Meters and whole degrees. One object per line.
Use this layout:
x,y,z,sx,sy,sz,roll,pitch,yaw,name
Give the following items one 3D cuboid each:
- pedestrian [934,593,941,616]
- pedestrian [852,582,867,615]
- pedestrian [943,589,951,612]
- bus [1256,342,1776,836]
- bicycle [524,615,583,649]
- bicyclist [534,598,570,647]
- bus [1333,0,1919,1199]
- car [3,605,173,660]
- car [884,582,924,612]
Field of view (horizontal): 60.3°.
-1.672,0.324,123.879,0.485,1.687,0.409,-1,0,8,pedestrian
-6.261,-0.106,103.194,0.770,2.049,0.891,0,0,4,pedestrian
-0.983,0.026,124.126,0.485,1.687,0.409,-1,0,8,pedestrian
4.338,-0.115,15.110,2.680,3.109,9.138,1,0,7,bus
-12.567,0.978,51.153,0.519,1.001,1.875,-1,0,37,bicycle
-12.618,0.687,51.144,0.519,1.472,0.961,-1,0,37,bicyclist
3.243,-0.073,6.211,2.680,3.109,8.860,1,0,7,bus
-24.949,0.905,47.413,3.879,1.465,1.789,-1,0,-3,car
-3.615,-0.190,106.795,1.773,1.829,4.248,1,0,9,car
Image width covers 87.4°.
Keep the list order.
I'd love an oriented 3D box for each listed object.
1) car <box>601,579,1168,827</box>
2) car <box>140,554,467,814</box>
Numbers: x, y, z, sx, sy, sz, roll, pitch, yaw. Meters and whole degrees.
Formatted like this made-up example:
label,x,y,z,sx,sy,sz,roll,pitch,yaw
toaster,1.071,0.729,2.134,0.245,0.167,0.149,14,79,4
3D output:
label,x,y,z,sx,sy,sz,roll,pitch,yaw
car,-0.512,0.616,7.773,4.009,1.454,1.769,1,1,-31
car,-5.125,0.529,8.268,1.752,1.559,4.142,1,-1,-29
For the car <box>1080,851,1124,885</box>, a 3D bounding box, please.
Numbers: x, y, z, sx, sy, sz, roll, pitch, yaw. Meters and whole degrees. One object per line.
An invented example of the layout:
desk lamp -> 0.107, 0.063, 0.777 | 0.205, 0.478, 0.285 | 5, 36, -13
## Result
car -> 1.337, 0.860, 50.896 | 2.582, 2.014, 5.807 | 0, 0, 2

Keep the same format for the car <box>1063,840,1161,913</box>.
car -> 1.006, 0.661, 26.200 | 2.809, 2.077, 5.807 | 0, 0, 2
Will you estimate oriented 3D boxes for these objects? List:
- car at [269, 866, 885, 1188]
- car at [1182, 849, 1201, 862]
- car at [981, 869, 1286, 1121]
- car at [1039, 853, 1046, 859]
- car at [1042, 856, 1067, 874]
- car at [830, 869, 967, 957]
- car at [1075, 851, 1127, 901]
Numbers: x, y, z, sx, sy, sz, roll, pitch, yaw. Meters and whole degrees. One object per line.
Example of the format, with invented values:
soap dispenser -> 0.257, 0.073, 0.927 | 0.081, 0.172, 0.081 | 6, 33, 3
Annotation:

What is needed:
An unaltered transcription of all the data above is needed.

Expected answer:
Meters and whole degrees. One object per line.
Use this layout:
x,y,z,sx,sy,sz,roll,pitch,yaw,name
Give the following items one 3D cuboid each:
- pedestrian [934,593,941,616]
- pedestrian [852,582,867,615]
- pedestrian [943,589,951,612]
- bus [1256,342,1776,836]
- bicycle [524,615,583,649]
- bicyclist [534,598,570,647]
- bus [1333,0,1919,1199]
- car [3,605,173,660]
- car [884,582,924,612]
Field of view (horizontal): 60.3°.
-1.672,0.324,123.879,0.485,1.687,0.409,-1,0,8,pedestrian
-6.261,-0.106,103.194,0.770,2.049,0.891,0,0,4,pedestrian
-0.983,0.026,124.126,0.485,1.687,0.409,-1,0,8,pedestrian
4.338,-0.115,15.110,2.680,3.109,9.138,1,0,7,bus
-12.567,0.978,51.153,0.519,1.001,1.875,-1,0,37,bicycle
-12.618,0.687,51.144,0.519,1.472,0.961,-1,0,37,bicyclist
3.243,-0.073,6.211,2.680,3.109,8.860,1,0,7,bus
-24.949,0.905,47.413,3.879,1.465,1.789,-1,0,-3,car
-3.615,-0.190,106.795,1.773,1.829,4.248,1,0,9,car
Image width covers 87.4°.
Keep the list order.
I'd love an oriented 3D box for each listed object.
1) car <box>601,579,1168,827</box>
2) car <box>140,554,467,814</box>
Numbers: x, y, z, sx, sy, sz, roll, pitch, yaw. Meters and whole degrees.
Formatted like this made-up example:
label,x,y,z,sx,sy,sz,roll,pitch,yaw
toaster,1.071,0.729,2.134,0.245,0.167,0.149,14,79,4
3D output:
label,x,y,z,sx,sy,sz,roll,pitch,yaw
car,-0.512,0.616,7.773,4.009,1.454,1.769,1,1,-31
car,-5.125,0.529,8.268,1.752,1.559,4.142,1,-1,-29
For the car <box>1080,851,1124,885</box>, a 3D bounding box, please.
Numbers: x, y, z, sx, sy, sz, roll, pitch, yaw. Meters and whole degrees. One object per line.
An invented example of the layout:
desk lamp -> 0.107, 0.063, 0.777 | 0.205, 0.478, 0.285 | 5, 36, -13
## Result
car -> 1.337, 0.860, 50.896 | 2.582, 2.014, 5.807 | 0, 0, 2

Keep the same format for the car <box>1063,840,1161,913</box>.
car -> 1.006, 0.661, 26.200 | 2.809, 2.077, 5.807 | 0, 0, 2
Will you estimate oriented 3D boxes for these objects? List:
- car at [269, 866, 885, 1188]
- car at [1182, 849, 1201, 862]
- car at [981, 869, 1286, 1121]
- car at [1039, 853, 1046, 859]
- car at [1042, 856, 1067, 874]
- car at [830, 869, 967, 957]
- car at [1075, 851, 1127, 901]
Numbers: x, y, z, sx, sy, sz, roll, pitch, yaw. Meters and whole degrees. One object per line.
Example of the format, with invented values:
soap dispenser -> 0.257, 0.073, 0.927 | 0.081, 0.172, 0.081 | 6, 33, 3
Annotation:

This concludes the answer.